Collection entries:
_ _ _ _ _ _ _
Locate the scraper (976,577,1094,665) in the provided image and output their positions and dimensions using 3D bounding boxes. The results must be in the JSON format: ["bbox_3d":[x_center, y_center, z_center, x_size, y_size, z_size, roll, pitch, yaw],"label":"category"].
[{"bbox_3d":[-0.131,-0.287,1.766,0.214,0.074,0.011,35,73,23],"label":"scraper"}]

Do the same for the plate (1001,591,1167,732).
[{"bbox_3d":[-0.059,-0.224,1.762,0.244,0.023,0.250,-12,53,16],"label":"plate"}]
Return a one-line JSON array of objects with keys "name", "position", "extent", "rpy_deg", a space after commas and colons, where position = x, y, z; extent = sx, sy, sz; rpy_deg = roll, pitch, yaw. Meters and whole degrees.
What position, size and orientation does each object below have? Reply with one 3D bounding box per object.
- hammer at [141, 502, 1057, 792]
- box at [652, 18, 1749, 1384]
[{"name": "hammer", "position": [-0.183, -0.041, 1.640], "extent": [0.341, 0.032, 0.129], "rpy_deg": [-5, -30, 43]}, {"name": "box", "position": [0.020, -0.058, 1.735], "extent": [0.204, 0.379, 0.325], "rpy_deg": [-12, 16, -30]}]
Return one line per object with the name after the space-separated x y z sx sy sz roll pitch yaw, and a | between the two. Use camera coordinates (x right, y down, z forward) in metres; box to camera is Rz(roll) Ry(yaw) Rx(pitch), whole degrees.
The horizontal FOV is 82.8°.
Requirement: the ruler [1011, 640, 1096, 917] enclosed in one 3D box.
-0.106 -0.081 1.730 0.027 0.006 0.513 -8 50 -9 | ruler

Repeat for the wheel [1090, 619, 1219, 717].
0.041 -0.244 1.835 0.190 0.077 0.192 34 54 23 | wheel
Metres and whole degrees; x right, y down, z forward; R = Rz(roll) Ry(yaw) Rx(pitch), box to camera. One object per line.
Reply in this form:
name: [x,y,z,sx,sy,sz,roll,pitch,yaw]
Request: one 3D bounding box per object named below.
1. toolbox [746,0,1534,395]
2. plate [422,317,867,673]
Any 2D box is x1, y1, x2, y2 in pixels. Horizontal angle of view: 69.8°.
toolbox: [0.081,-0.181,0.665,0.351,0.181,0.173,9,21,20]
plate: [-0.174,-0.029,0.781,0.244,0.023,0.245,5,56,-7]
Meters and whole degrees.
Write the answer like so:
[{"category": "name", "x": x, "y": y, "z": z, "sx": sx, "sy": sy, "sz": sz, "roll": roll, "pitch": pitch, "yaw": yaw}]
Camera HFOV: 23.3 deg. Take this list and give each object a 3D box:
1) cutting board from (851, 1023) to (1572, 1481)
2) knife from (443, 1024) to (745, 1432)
_ _ _ _ _ _ _
Required work -> Your reply must repeat the entries above exactly and in full.

Result below ->
Locate the scraper (976,577,1094,665) in the provided image and output their positions and dimensions using 3D bounding boxes. The results must be in the JSON format: ["bbox_3d":[x_center, y_center, z_center, x_size, y_size, z_size, roll, pitch, yaw],"label":"category"].
[{"bbox_3d":[-0.131,-0.287,1.766,0.214,0.074,0.011,35,73,23],"label":"scraper"}]

Do the same for the plate (1001,591,1167,732).
[{"bbox_3d":[-0.059,-0.224,1.762,0.244,0.023,0.250,-12,53,16],"label":"plate"}]
Return a one-line JSON array of objects with keys "name", "position", "extent", "rpy_deg", a space after commas and colons, where position = x, y, z; extent = sx, sy, sz; rpy_deg = roll, pitch, yaw. Meters and whole degrees.
What position, size and orientation does each object below have? Reply with one 3D bounding box per object.
- hammer at [141, 502, 1057, 792]
- box at [652, 18, 1749, 1384]
[{"name": "hammer", "position": [-0.183, -0.041, 1.640], "extent": [0.341, 0.032, 0.129], "rpy_deg": [-5, -30, 43]}, {"name": "box", "position": [0.020, -0.058, 1.735], "extent": [0.204, 0.379, 0.325], "rpy_deg": [-12, 16, -30]}]
Return one line per object with the name after the space-separated x y z sx sy sz roll pitch yaw, and a | between the two. Use camera coordinates (x right, y down, z forward) in metres; box to camera is Rz(roll) Ry(yaw) Rx(pitch), whole degrees.
The horizontal FOV is 82.8°.
Requirement: the ruler [1011, 640, 1096, 917] enclosed in one 3D box.
-0.106 -0.081 1.730 0.027 0.006 0.513 -8 50 -9 | ruler

Repeat for the wheel [1090, 619, 1219, 717].
0.041 -0.244 1.835 0.190 0.077 0.192 34 54 23 | wheel
Metres and whole degrees; x right, y down, z forward; R = Rz(roll) Ry(yaw) Rx(pitch), box to camera. One object per line.
Reply in this form:
name: [x,y,z,sx,sy,sz,roll,pitch,yaw]
Request: one 3D bounding box per object named below.
1. toolbox [746,0,1534,395]
2. plate [422,317,867,673]
Any 2D box is x1, y1, x2, y2 in pixels. Horizontal angle of view: 69.8°.
toolbox: [0.081,-0.181,0.665,0.351,0.181,0.173,9,21,20]
plate: [-0.174,-0.029,0.781,0.244,0.023,0.245,5,56,-7]
Meters and whole degrees.
Write the answer like so:
[{"category": "name", "x": x, "y": y, "z": z, "sx": sx, "sy": sy, "sz": sz, "roll": roll, "pitch": pitch, "yaw": yaw}]
Camera HFOV: 23.3 deg. Take this list and give each object a 3D box:
1) cutting board from (851, 1023) to (1572, 1481)
2) knife from (443, 1024) to (745, 1432)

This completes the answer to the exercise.